## Action item
Where does the string "reset" appear? Copy every line of the entries below that holds it.

Source records:
☆ ☆ ☆

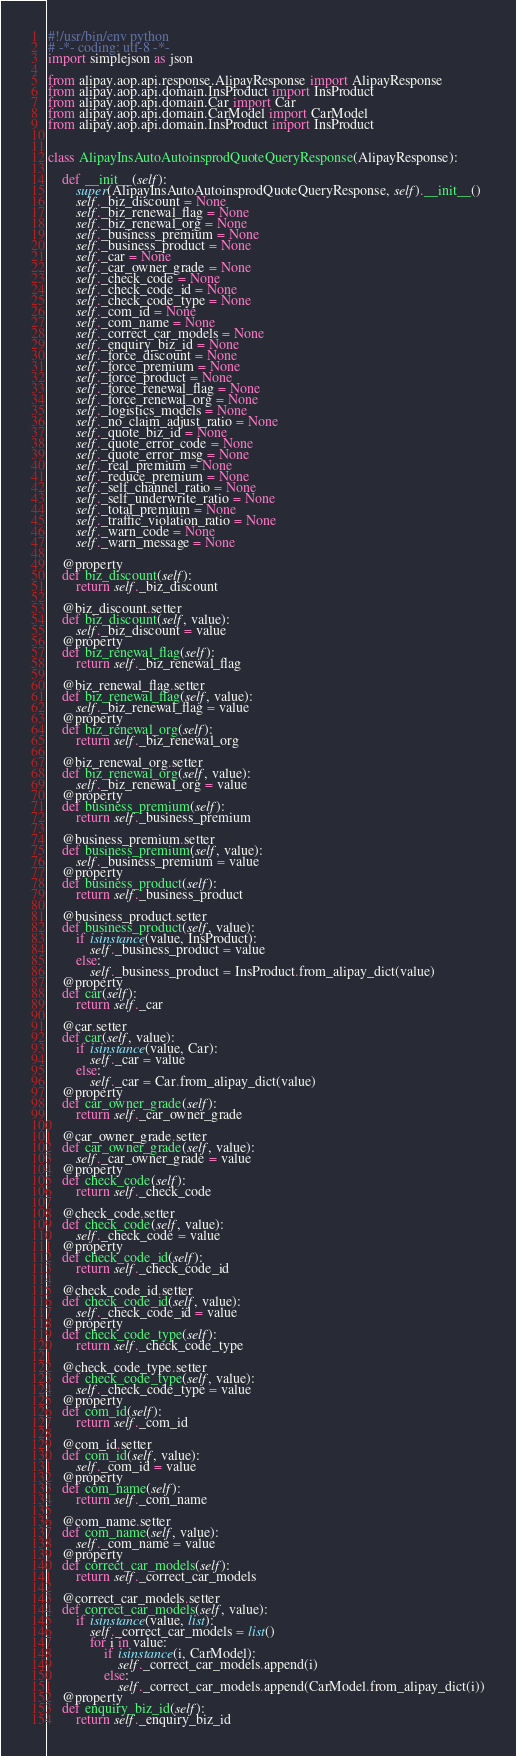Convert code to text. <code><loc_0><loc_0><loc_500><loc_500><_Python_>#!/usr/bin/env python
# -*- coding: utf-8 -*-
import simplejson as json

from alipay.aop.api.response.AlipayResponse import AlipayResponse
from alipay.aop.api.domain.InsProduct import InsProduct
from alipay.aop.api.domain.Car import Car
from alipay.aop.api.domain.CarModel import CarModel
from alipay.aop.api.domain.InsProduct import InsProduct


class AlipayInsAutoAutoinsprodQuoteQueryResponse(AlipayResponse):

    def __init__(self):
        super(AlipayInsAutoAutoinsprodQuoteQueryResponse, self).__init__()
        self._biz_discount = None
        self._biz_renewal_flag = None
        self._biz_renewal_org = None
        self._business_premium = None
        self._business_product = None
        self._car = None
        self._car_owner_grade = None
        self._check_code = None
        self._check_code_id = None
        self._check_code_type = None
        self._com_id = None
        self._com_name = None
        self._correct_car_models = None
        self._enquiry_biz_id = None
        self._force_discount = None
        self._force_premium = None
        self._force_product = None
        self._force_renewal_flag = None
        self._force_renewal_org = None
        self._logistics_models = None
        self._no_claim_adjust_ratio = None
        self._quote_biz_id = None
        self._quote_error_code = None
        self._quote_error_msg = None
        self._real_premium = None
        self._reduce_premium = None
        self._self_channel_ratio = None
        self._self_underwrite_ratio = None
        self._total_premium = None
        self._traffic_violation_ratio = None
        self._warn_code = None
        self._warn_message = None

    @property
    def biz_discount(self):
        return self._biz_discount

    @biz_discount.setter
    def biz_discount(self, value):
        self._biz_discount = value
    @property
    def biz_renewal_flag(self):
        return self._biz_renewal_flag

    @biz_renewal_flag.setter
    def biz_renewal_flag(self, value):
        self._biz_renewal_flag = value
    @property
    def biz_renewal_org(self):
        return self._biz_renewal_org

    @biz_renewal_org.setter
    def biz_renewal_org(self, value):
        self._biz_renewal_org = value
    @property
    def business_premium(self):
        return self._business_premium

    @business_premium.setter
    def business_premium(self, value):
        self._business_premium = value
    @property
    def business_product(self):
        return self._business_product

    @business_product.setter
    def business_product(self, value):
        if isinstance(value, InsProduct):
            self._business_product = value
        else:
            self._business_product = InsProduct.from_alipay_dict(value)
    @property
    def car(self):
        return self._car

    @car.setter
    def car(self, value):
        if isinstance(value, Car):
            self._car = value
        else:
            self._car = Car.from_alipay_dict(value)
    @property
    def car_owner_grade(self):
        return self._car_owner_grade

    @car_owner_grade.setter
    def car_owner_grade(self, value):
        self._car_owner_grade = value
    @property
    def check_code(self):
        return self._check_code

    @check_code.setter
    def check_code(self, value):
        self._check_code = value
    @property
    def check_code_id(self):
        return self._check_code_id

    @check_code_id.setter
    def check_code_id(self, value):
        self._check_code_id = value
    @property
    def check_code_type(self):
        return self._check_code_type

    @check_code_type.setter
    def check_code_type(self, value):
        self._check_code_type = value
    @property
    def com_id(self):
        return self._com_id

    @com_id.setter
    def com_id(self, value):
        self._com_id = value
    @property
    def com_name(self):
        return self._com_name

    @com_name.setter
    def com_name(self, value):
        self._com_name = value
    @property
    def correct_car_models(self):
        return self._correct_car_models

    @correct_car_models.setter
    def correct_car_models(self, value):
        if isinstance(value, list):
            self._correct_car_models = list()
            for i in value:
                if isinstance(i, CarModel):
                    self._correct_car_models.append(i)
                else:
                    self._correct_car_models.append(CarModel.from_alipay_dict(i))
    @property
    def enquiry_biz_id(self):
        return self._enquiry_biz_id
</code> 
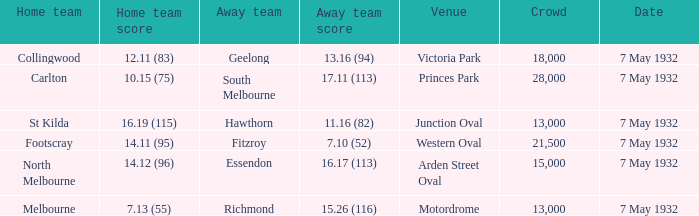12 (96)? 15000.0. 
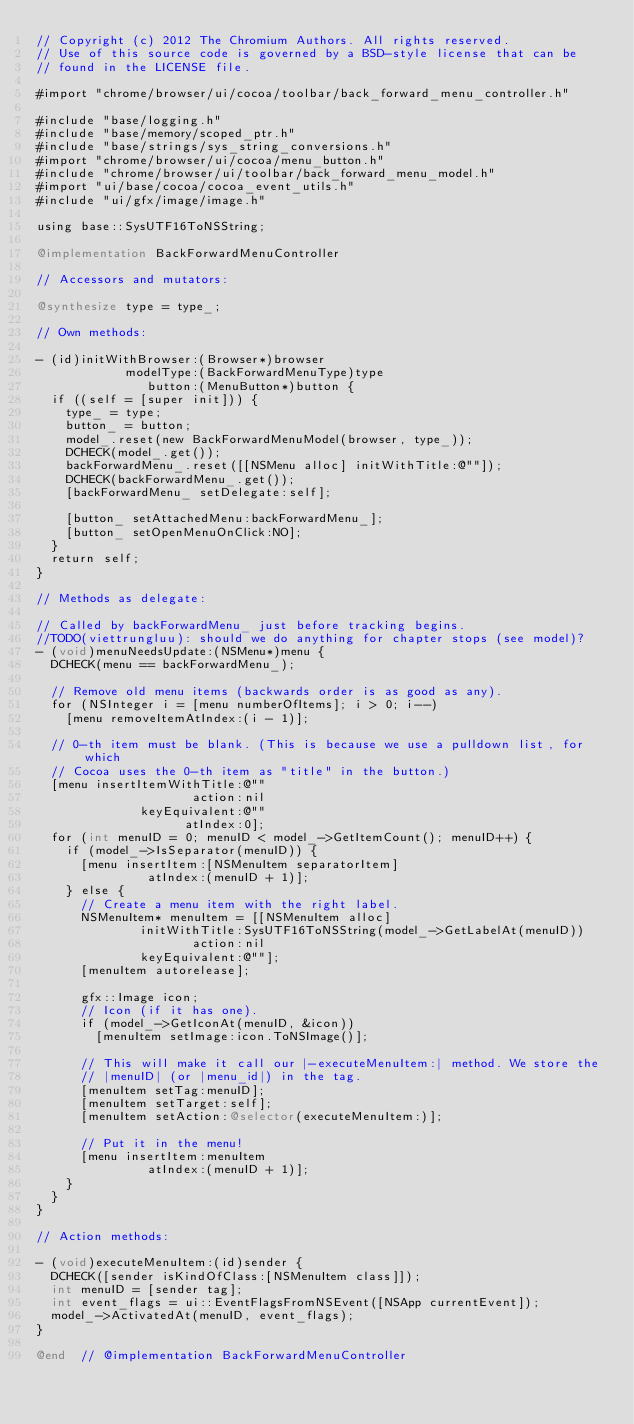<code> <loc_0><loc_0><loc_500><loc_500><_ObjectiveC_>// Copyright (c) 2012 The Chromium Authors. All rights reserved.
// Use of this source code is governed by a BSD-style license that can be
// found in the LICENSE file.

#import "chrome/browser/ui/cocoa/toolbar/back_forward_menu_controller.h"

#include "base/logging.h"
#include "base/memory/scoped_ptr.h"
#include "base/strings/sys_string_conversions.h"
#import "chrome/browser/ui/cocoa/menu_button.h"
#include "chrome/browser/ui/toolbar/back_forward_menu_model.h"
#import "ui/base/cocoa/cocoa_event_utils.h"
#include "ui/gfx/image/image.h"

using base::SysUTF16ToNSString;

@implementation BackForwardMenuController

// Accessors and mutators:

@synthesize type = type_;

// Own methods:

- (id)initWithBrowser:(Browser*)browser
            modelType:(BackForwardMenuType)type
               button:(MenuButton*)button {
  if ((self = [super init])) {
    type_ = type;
    button_ = button;
    model_.reset(new BackForwardMenuModel(browser, type_));
    DCHECK(model_.get());
    backForwardMenu_.reset([[NSMenu alloc] initWithTitle:@""]);
    DCHECK(backForwardMenu_.get());
    [backForwardMenu_ setDelegate:self];

    [button_ setAttachedMenu:backForwardMenu_];
    [button_ setOpenMenuOnClick:NO];
  }
  return self;
}

// Methods as delegate:

// Called by backForwardMenu_ just before tracking begins.
//TODO(viettrungluu): should we do anything for chapter stops (see model)?
- (void)menuNeedsUpdate:(NSMenu*)menu {
  DCHECK(menu == backForwardMenu_);

  // Remove old menu items (backwards order is as good as any).
  for (NSInteger i = [menu numberOfItems]; i > 0; i--)
    [menu removeItemAtIndex:(i - 1)];

  // 0-th item must be blank. (This is because we use a pulldown list, for which
  // Cocoa uses the 0-th item as "title" in the button.)
  [menu insertItemWithTitle:@""
                     action:nil
              keyEquivalent:@""
                    atIndex:0];
  for (int menuID = 0; menuID < model_->GetItemCount(); menuID++) {
    if (model_->IsSeparator(menuID)) {
      [menu insertItem:[NSMenuItem separatorItem]
               atIndex:(menuID + 1)];
    } else {
      // Create a menu item with the right label.
      NSMenuItem* menuItem = [[NSMenuItem alloc]
              initWithTitle:SysUTF16ToNSString(model_->GetLabelAt(menuID))
                     action:nil
              keyEquivalent:@""];
      [menuItem autorelease];

      gfx::Image icon;
      // Icon (if it has one).
      if (model_->GetIconAt(menuID, &icon))
        [menuItem setImage:icon.ToNSImage()];

      // This will make it call our |-executeMenuItem:| method. We store the
      // |menuID| (or |menu_id|) in the tag.
      [menuItem setTag:menuID];
      [menuItem setTarget:self];
      [menuItem setAction:@selector(executeMenuItem:)];

      // Put it in the menu!
      [menu insertItem:menuItem
               atIndex:(menuID + 1)];
    }
  }
}

// Action methods:

- (void)executeMenuItem:(id)sender {
  DCHECK([sender isKindOfClass:[NSMenuItem class]]);
  int menuID = [sender tag];
  int event_flags = ui::EventFlagsFromNSEvent([NSApp currentEvent]);
  model_->ActivatedAt(menuID, event_flags);
}

@end  // @implementation BackForwardMenuController
</code>

☆ ☆ ☆

## The answer
    model_.reset(new BackForwardMenuModel(browser, type_));
    backForwardMenu_.reset([[NSMenu alloc] initWithTitle:@""]);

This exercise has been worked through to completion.